== Data excerpts ==

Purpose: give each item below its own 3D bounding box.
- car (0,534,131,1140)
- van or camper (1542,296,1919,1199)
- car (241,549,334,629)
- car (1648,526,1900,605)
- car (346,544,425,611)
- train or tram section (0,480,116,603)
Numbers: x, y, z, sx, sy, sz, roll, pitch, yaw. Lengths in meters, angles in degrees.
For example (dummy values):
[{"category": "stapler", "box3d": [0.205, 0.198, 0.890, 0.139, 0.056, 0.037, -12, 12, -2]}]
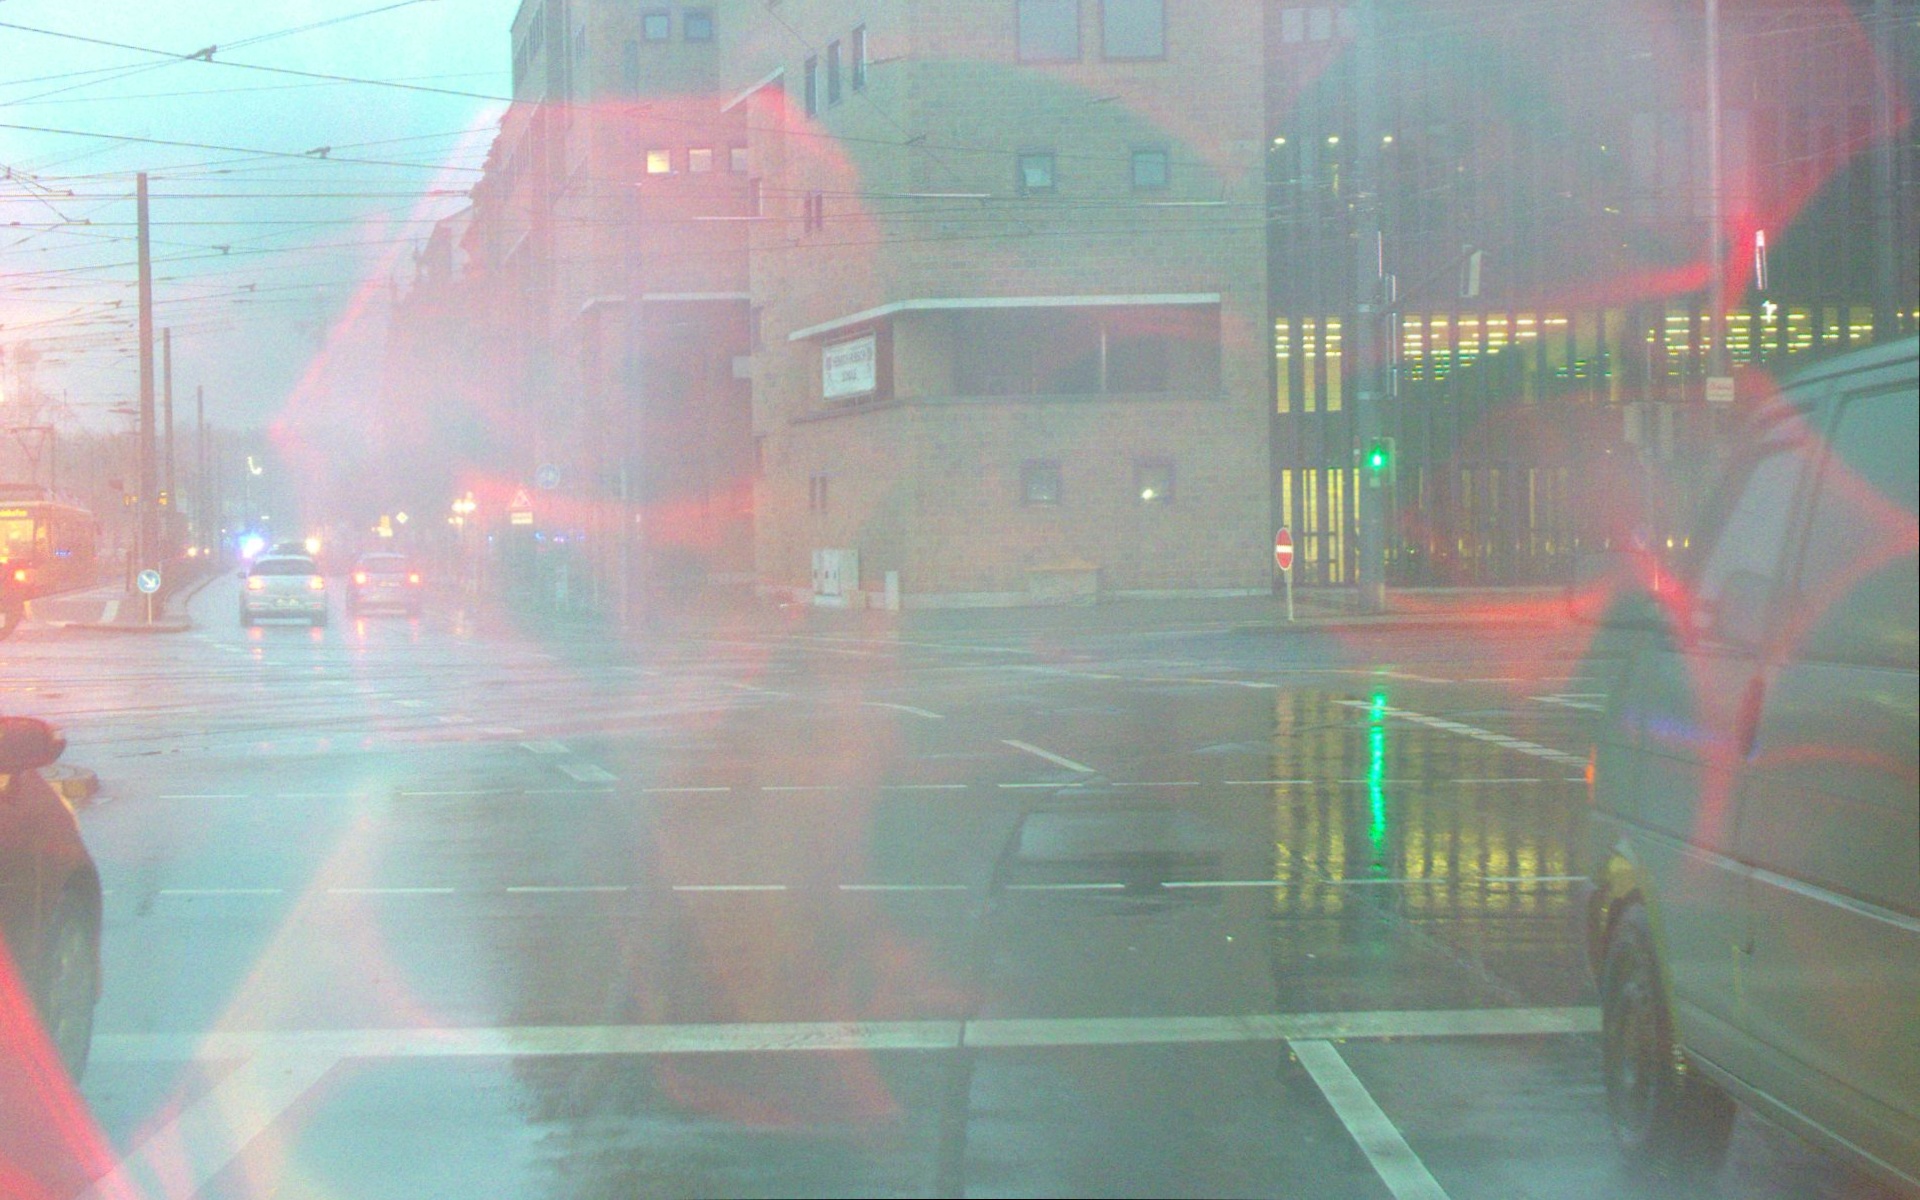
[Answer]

===

→ **Exercise**: When the line with "- car (1648,526,1900,605)" is reached in the data above, start copying there, and copy each line exactly until the line with "For example (dummy" has been copied; copy nothing else.

→ **Finished task**:
- car (1648,526,1900,605)
- car (346,544,425,611)
- train or tram section (0,480,116,603)
Numbers: x, y, z, sx, sy, sz, roll, pitch, yaw. Lengths in meters, angles in degrees.
For example (dummy values):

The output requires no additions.